- TASK STATEMENT: Repeat the records in full, exactly.

- MATERIAL TO PROCESS:
********

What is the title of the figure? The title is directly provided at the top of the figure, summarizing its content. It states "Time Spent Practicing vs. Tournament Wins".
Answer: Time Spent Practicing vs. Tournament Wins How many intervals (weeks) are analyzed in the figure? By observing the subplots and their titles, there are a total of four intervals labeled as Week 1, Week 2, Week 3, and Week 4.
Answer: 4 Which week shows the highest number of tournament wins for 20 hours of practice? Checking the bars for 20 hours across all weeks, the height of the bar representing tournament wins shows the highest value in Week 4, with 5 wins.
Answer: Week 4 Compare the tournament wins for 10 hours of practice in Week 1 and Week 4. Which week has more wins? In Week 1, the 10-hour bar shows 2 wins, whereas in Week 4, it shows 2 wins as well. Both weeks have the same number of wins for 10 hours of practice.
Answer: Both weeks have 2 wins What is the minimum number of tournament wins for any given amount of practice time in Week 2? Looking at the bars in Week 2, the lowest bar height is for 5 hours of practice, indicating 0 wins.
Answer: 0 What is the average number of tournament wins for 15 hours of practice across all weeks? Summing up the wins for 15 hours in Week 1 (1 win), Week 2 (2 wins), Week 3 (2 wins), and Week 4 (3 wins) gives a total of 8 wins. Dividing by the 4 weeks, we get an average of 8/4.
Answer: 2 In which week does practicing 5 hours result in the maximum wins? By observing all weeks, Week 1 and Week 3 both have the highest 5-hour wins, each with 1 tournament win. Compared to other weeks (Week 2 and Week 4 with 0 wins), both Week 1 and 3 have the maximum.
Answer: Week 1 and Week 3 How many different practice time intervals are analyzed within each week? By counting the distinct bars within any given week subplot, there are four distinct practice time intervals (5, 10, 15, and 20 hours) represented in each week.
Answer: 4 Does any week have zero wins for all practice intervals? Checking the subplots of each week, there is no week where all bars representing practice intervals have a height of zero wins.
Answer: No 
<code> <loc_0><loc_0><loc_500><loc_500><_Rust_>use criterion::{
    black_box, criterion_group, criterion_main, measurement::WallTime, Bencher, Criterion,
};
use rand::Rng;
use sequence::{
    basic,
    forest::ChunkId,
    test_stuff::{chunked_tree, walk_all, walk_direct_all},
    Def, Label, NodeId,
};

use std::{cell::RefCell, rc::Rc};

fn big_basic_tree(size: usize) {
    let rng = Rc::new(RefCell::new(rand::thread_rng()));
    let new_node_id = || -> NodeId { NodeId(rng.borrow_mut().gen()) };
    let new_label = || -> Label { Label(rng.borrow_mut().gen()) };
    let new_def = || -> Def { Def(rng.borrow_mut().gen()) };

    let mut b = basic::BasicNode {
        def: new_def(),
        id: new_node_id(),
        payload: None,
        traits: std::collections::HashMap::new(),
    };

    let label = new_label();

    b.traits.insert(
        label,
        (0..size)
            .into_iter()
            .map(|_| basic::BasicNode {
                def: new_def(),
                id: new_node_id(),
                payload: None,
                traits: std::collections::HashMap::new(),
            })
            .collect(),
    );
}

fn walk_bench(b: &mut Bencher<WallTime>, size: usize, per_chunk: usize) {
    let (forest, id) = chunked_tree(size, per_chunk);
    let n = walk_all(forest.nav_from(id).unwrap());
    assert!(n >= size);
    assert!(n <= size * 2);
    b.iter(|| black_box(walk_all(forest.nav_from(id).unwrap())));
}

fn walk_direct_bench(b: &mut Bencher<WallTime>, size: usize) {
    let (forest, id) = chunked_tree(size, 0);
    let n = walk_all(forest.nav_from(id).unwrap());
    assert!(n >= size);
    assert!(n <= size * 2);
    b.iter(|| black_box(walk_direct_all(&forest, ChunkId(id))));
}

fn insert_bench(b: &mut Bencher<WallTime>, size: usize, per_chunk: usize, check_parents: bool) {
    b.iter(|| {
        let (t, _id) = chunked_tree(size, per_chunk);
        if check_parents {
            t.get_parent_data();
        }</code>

********

- EXERCISE RESPONSE:
What is the title of the figure? The title is directly provided at the top of the figure, summarizing its content. It states "Time Spent Practicing vs. Tournament Wins".
Answer: Time Spent Practicing vs. Tournament Wins How many intervals (weeks) are analyzed in the figure? By observing the subplots and their titles, there are a total of four intervals labeled as Week 1, Week 2, Week 3, and Week 4.
Answer: 4 Which week shows the highest number of tournament wins for 20 hours of practice? Checking the bars for 20 hours across all weeks, the height of the bar representing tournament wins shows the highest value in Week 4, with 5 wins.
Answer: Week 4 Compare the tournament wins for 10 hours of practice in Week 1 and Week 4. Which week has more wins? In Week 1, the 10-hour bar shows 2 wins, whereas in Week 4, it shows 2 wins as well. Both weeks have the same number of wins for 10 hours of practice.
Answer: Both weeks have 2 wins What is the minimum number of tournament wins for any given amount of practice time in Week 2? Looking at the bars in Week 2, the lowest bar height is for 5 hours of practice, indicating 0 wins.
Answer: 0 What is the average number of tournament wins for 15 hours of practice across all weeks? Summing up the wins for 15 hours in Week 1 (1 win), Week 2 (2 wins), Week 3 (2 wins), and Week 4 (3 wins) gives a total of 8 wins. Dividing by the 4 weeks, we get an average of 8/4.
Answer: 2 In which week does practicing 5 hours result in the maximum wins? By observing all weeks, Week 1 and Week 3 both have the highest 5-hour wins, each with 1 tournament win. Compared to other weeks (Week 2 and Week 4 with 0 wins), both Week 1 and 3 have the maximum.
Answer: Week 1 and Week 3 How many different practice time intervals are analyzed within each week? By counting the distinct bars within any given week subplot, there are four distinct practice time intervals (5, 10, 15, and 20 hours) represented in each week.
Answer: 4 Does any week have zero wins for all practice intervals? Checking the subplots of each week, there is no week where all bars representing practice intervals have a height of zero wins.
Answer: No 
<code> <loc_0><loc_0><loc_500><loc_500><_Rust_>use criterion::{
    black_box, criterion_group, criterion_main, measurement::WallTime, Bencher, Criterion,
};
use rand::Rng;
use sequence::{
    basic,
    forest::ChunkId,
    test_stuff::{chunked_tree, walk_all, walk_direct_all},
    Def, Label, NodeId,
};

use std::{cell::RefCell, rc::Rc};

fn big_basic_tree(size: usize) {
    let rng = Rc::new(RefCell::new(rand::thread_rng()));
    let new_node_id = || -> NodeId { NodeId(rng.borrow_mut().gen()) };
    let new_label = || -> Label { Label(rng.borrow_mut().gen()) };
    let new_def = || -> Def { Def(rng.borrow_mut().gen()) };

    let mut b = basic::BasicNode {
        def: new_def(),
        id: new_node_id(),
        payload: None,
        traits: std::collections::HashMap::new(),
    };

    let label = new_label();

    b.traits.insert(
        label,
        (0..size)
            .into_iter()
            .map(|_| basic::BasicNode {
                def: new_def(),
                id: new_node_id(),
                payload: None,
                traits: std::collections::HashMap::new(),
            })
            .collect(),
    );
}

fn walk_bench(b: &mut Bencher<WallTime>, size: usize, per_chunk: usize) {
    let (forest, id) = chunked_tree(size, per_chunk);
    let n = walk_all(forest.nav_from(id).unwrap());
    assert!(n >= size);
    assert!(n <= size * 2);
    b.iter(|| black_box(walk_all(forest.nav_from(id).unwrap())));
}

fn walk_direct_bench(b: &mut Bencher<WallTime>, size: usize) {
    let (forest, id) = chunked_tree(size, 0);
    let n = walk_all(forest.nav_from(id).unwrap());
    assert!(n >= size);
    assert!(n <= size * 2);
    b.iter(|| black_box(walk_direct_all(&forest, ChunkId(id))));
}

fn insert_bench(b: &mut Bencher<WallTime>, size: usize, per_chunk: usize, check_parents: bool) {
    b.iter(|| {
        let (t, _id) = chunked_tree(size, per_chunk);
        if check_parents {
            t.get_parent_data();
        }</code>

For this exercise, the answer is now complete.